However secondary structure and systems components often had poorly defined cracking, corrosion, wear, etc damage limits: Inspect when it is required by tech data; IF you see IT then you must repair or replace IT.

Yeah Right.

A small fleet wide sampling was used to determine if a one-off problem was really a one-off problem... or if the sampling revealed more acft with similar issues... IF SO... then a fleet-wide inspection was accomplished.

During these inspections, the size of each detectable defect was determined/recorded for each location on each acft. See below for applicable examples. This data was tabulated and the damage [by acft/location on the acft] was charted on a spreadsheet... then arranged in worst-to-best case order [worst-defect to barely detectable defect order].

Here’s where the ‘logic’ became specific to multiple highly stressed fighters: most flights [training, actual combat, etc] were very similar [for the fleet], and all/most aircraft had similar flying hours and operational exposure. I ass-u-med that the worst case damage detected occurred on the last flight before it would fail [next flight]... which lead to the obvious plan to minimize effect on the fleet, thus...
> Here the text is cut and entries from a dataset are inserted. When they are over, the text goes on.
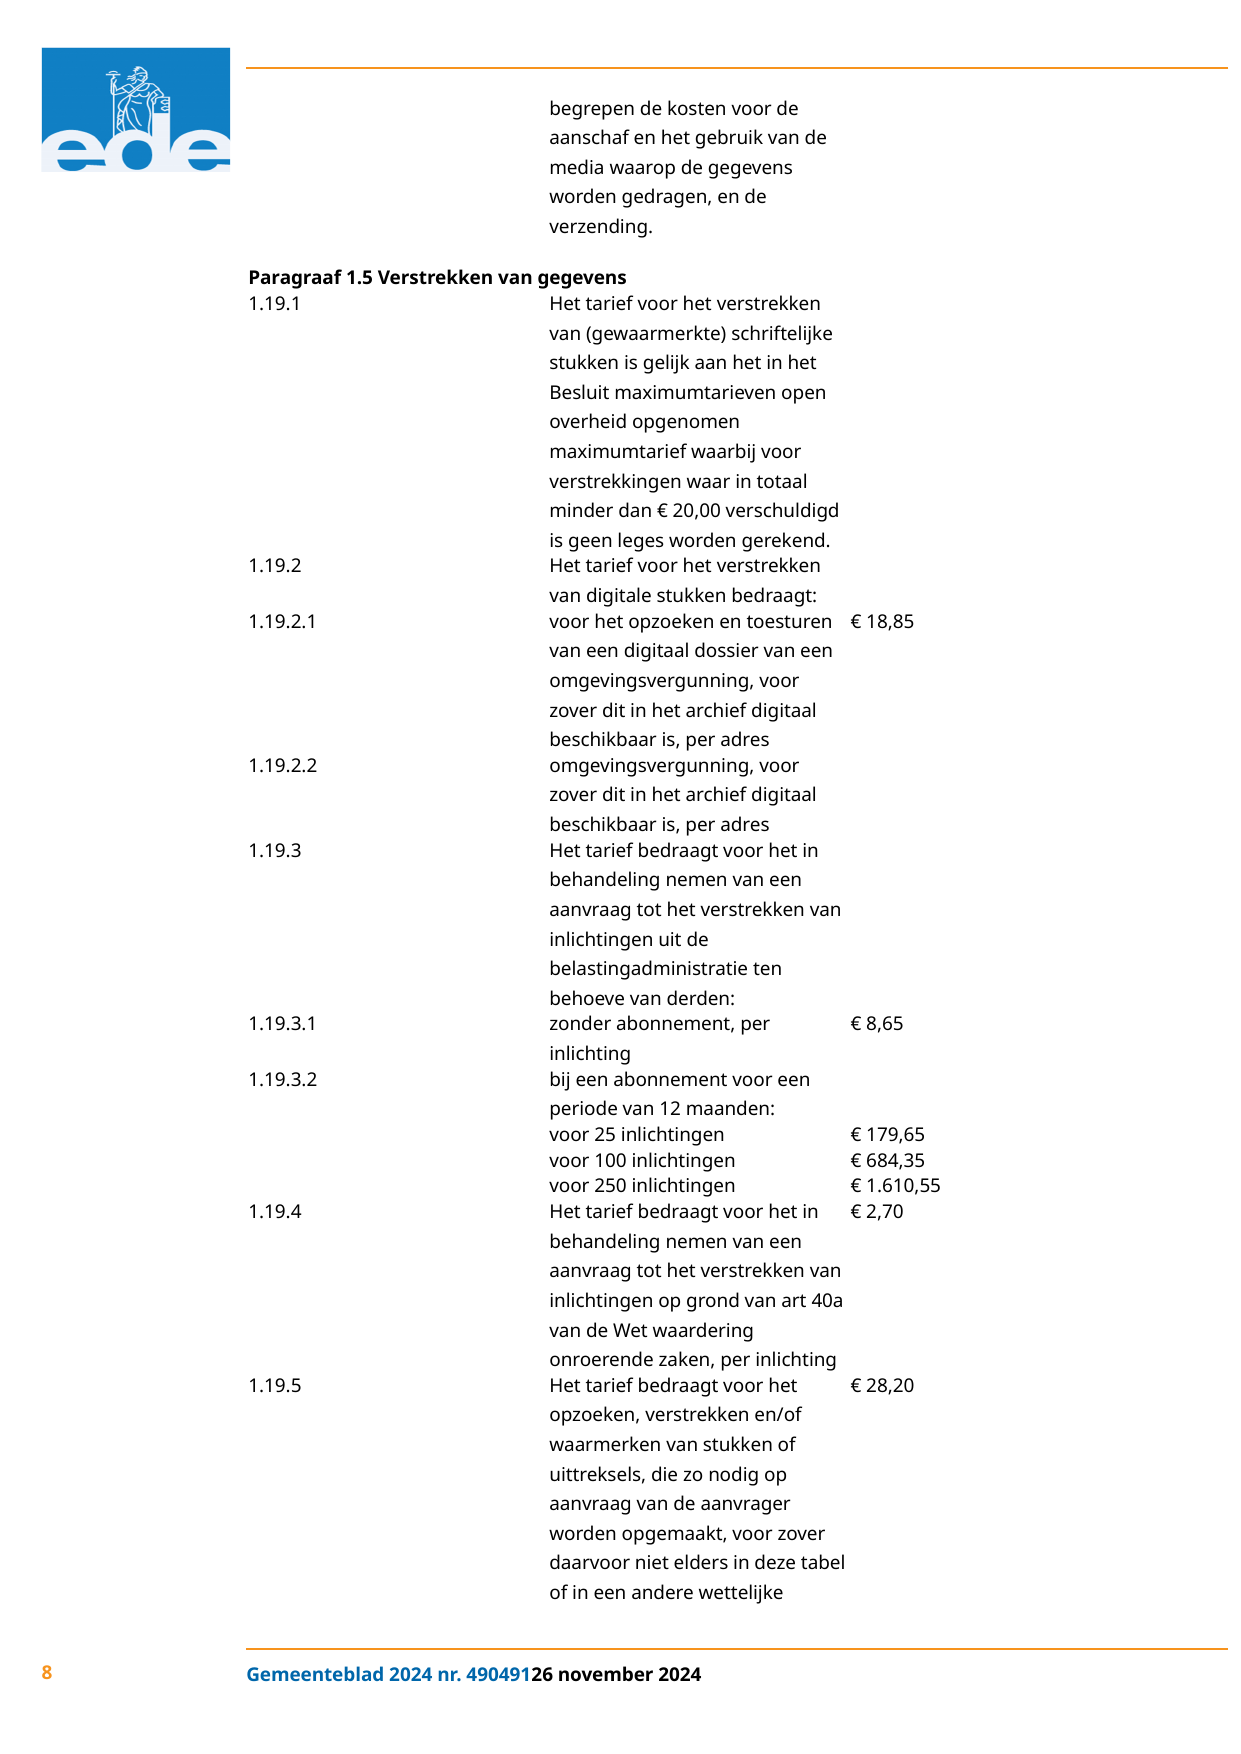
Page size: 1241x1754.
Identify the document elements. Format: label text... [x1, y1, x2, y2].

table_cell 1.19.2.2 [248, 752, 549, 837]
table_cell 1.19.5 [248, 1372, 549, 1605]
table_cell zonder abonnement, per inlichting [549, 1011, 850, 1066]
picture [41, 47, 231, 172]
table_cell [248, 1147, 549, 1173]
table_cell € 1.610,55 [850, 1173, 1152, 1198]
table_cell [850, 290, 1152, 553]
table_cell voor 100 inlichtingen [549, 1147, 850, 1173]
table_cell 1.19.4 [248, 1199, 549, 1372]
table_cell 1.19.3.2 [248, 1066, 549, 1121]
table_cell [248, 95, 549, 239]
table_cell € 684,35 [850, 1147, 1152, 1173]
table_cell 1.19.2.1 [248, 608, 549, 752]
table_cell [248, 1173, 549, 1198]
table_cell € 8,65 [850, 1011, 1152, 1066]
table_cell [850, 553, 1152, 608]
table_cell Het tarief bedraagt voor het in behandeling nemen van een aanvraag tot het verstrekken van inlichtingen uit de belastingadministratie ten behoeve van derden: [549, 837, 850, 1011]
table_cell Het tarief voor het verstrekken van (gewaarmerkte) schriftelijke stukken is gelijk aan het in het Besluit maximumtarieven open overheid opgenomen maximumtarief waarbij voor verstrekkingen waar in totaal minder dan € 20,00 verschuldigd is geen leges worden gerekend. [549, 290, 850, 553]
table_cell bij een abonnement voor een periode van 12 maanden: [549, 1066, 850, 1121]
table_cell € 179,65 [850, 1121, 1152, 1147]
table_cell [850, 239, 1152, 264]
table_cell 1.19.1 [248, 290, 549, 553]
table_cell begrepen de kosten voor de aanschaf en het gebruik van de media waarop de gegevens worden gedragen, en de verzending. [549, 95, 850, 239]
table_cell [850, 265, 1152, 290]
table_cell Het tarief voor het verstrekken van digitale stukken bedraagt: [549, 553, 850, 608]
table_cell omgevingsvergunning, voor zover dit in het archief digitaal beschikbaar is, per adres [549, 752, 850, 837]
table_cell [850, 752, 1152, 837]
table_cell € 2,70 [850, 1199, 1152, 1372]
table_cell Paragraaf 1.5 Verstrekken van gegevens [248, 265, 850, 290]
table_cell Het tarief bedraagt voor het opzoeken, verstrekken en/of waarmerken van stukken of uittreksels, die zo nodig op aanvraag van de aanvrager worden opgemaakt, voor zover daarvoor niet elders in deze tabel of in een andere wettelijke [549, 1372, 850, 1605]
table_cell € 18,85 [850, 608, 1152, 752]
table_cell [850, 1066, 1152, 1121]
table_cell [248, 1121, 549, 1147]
table_cell [248, 239, 549, 264]
table_cell 1.19.3.1 [248, 1011, 549, 1066]
table_cell 1.19.3 [248, 837, 549, 1011]
table_cell Het tarief bedraagt voor het in behandeling nemen van een aanvraag tot het verstrekken van inlichtingen op grond van art 40a van de Wet waardering onroerende zaken, per inlichting [549, 1199, 850, 1372]
table_cell [549, 239, 850, 264]
table_cell voor het opzoeken en toesturen van een digitaal dossier van een omgevingsvergunning, voor zover dit in het archief digitaal beschikbaar is, per adres [549, 608, 850, 752]
table_cell voor 25 inlichtingen [549, 1121, 850, 1147]
table_cell [850, 95, 1152, 239]
table_cell voor 250 inlichtingen [549, 1173, 850, 1198]
table_cell € 28,20 [850, 1372, 1152, 1605]
table_cell 1.19.2 [248, 553, 549, 608]
table_cell [850, 837, 1152, 1011]

Based on this analysis [and back-up simplified stress analysis] I set a max damage limit [below the worst case] for 'unserviceable' = too-close to failure and must be grounded and maintenance action taken.

Damage exceeding my cutoff limit required immediate repair or replacement to attain a fully serviceable condition. This 'usually' affected only a small population of acft, immediately.

Damage less than my cutoff limit was allowed to remain in service with recurring inspections that I set based on relative ratio of damage size to my-damage-limit size... and usually resulted in 0-5, 5-10, 10-20, 20-40, or up-to-100 etc, flying hour limits before mandatory re-inspections for damage growth.

Damage that grew to the cutoff limit required immediate repair or replacement [noted] to attain a fully serviceable condition.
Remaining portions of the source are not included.